MATERIAL PROVIDED:
***
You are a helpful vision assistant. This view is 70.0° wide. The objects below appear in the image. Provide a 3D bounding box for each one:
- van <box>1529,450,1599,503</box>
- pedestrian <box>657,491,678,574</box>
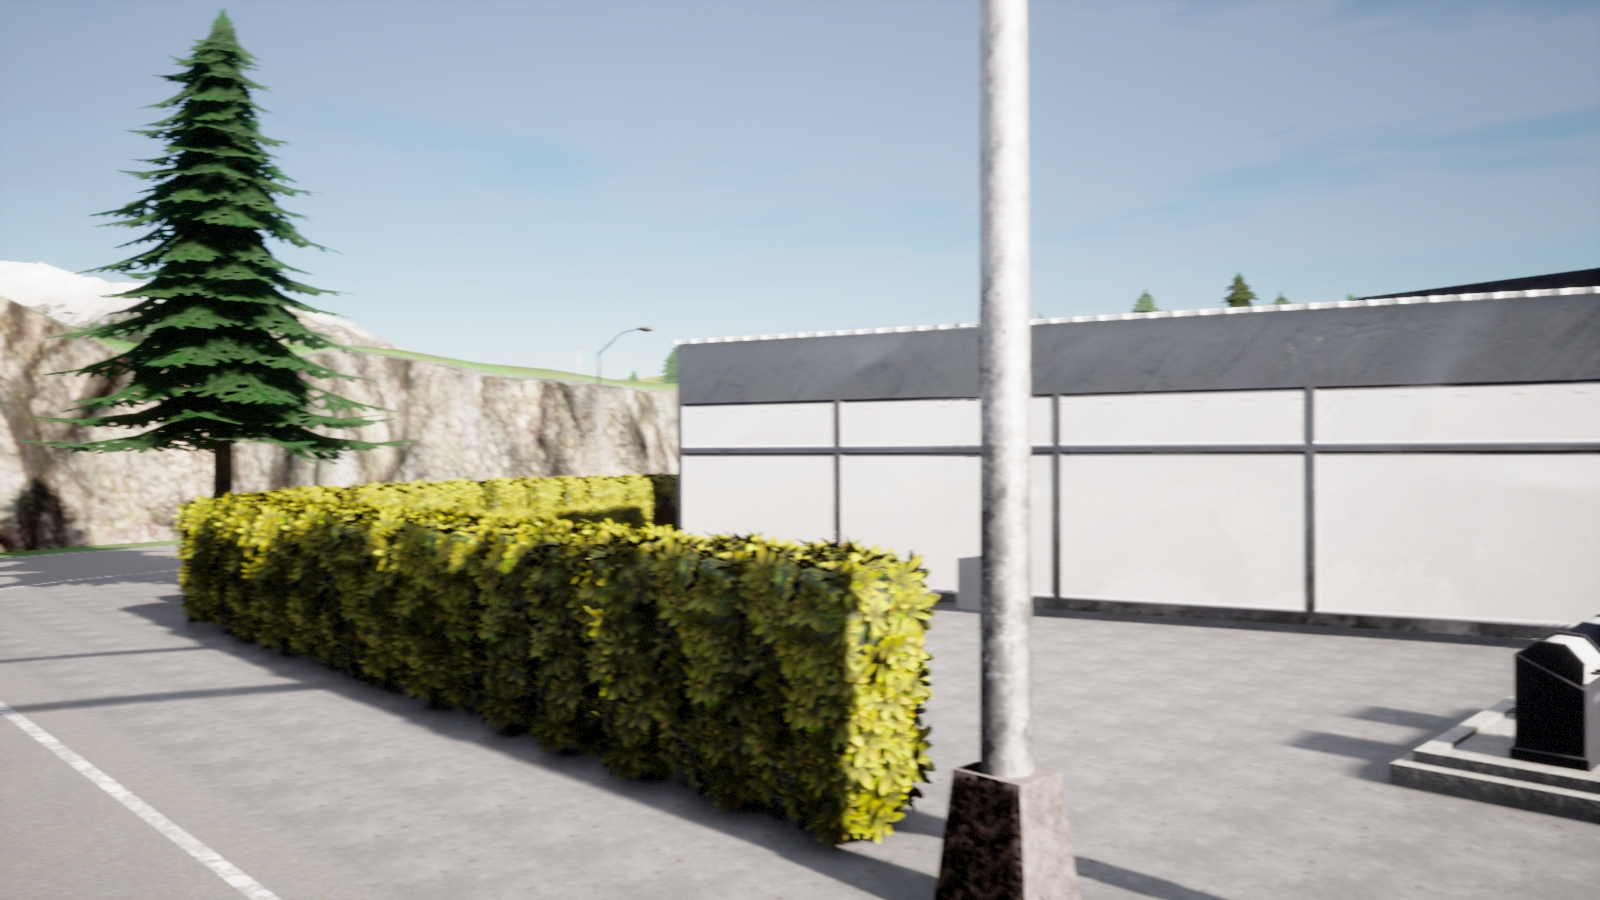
[{"bbox_3d":[40.677,1.331,59.694,1.988,2.561,5.915,0,0,7],"label":"van"},{"bbox_3d":[-2.990,1.852,25.765,0.375,1.860,0.375,0,0,7],"label":"pedestrian"}]
***
When you reach the line containing "- van <box>1529,450,1599,503</box>" in the listing above, reproduce it and every line after it through the last, exactly; omit the pictures.

- van <box>1529,450,1599,503</box>
- pedestrian <box>657,491,678,574</box>
[{"bbox_3d":[40.677,1.331,59.694,1.988,2.561,5.915,0,0,7],"label":"van"},{"bbox_3d":[-2.990,1.852,25.765,0.375,1.860,0.375,0,0,7],"label":"pedestrian"}]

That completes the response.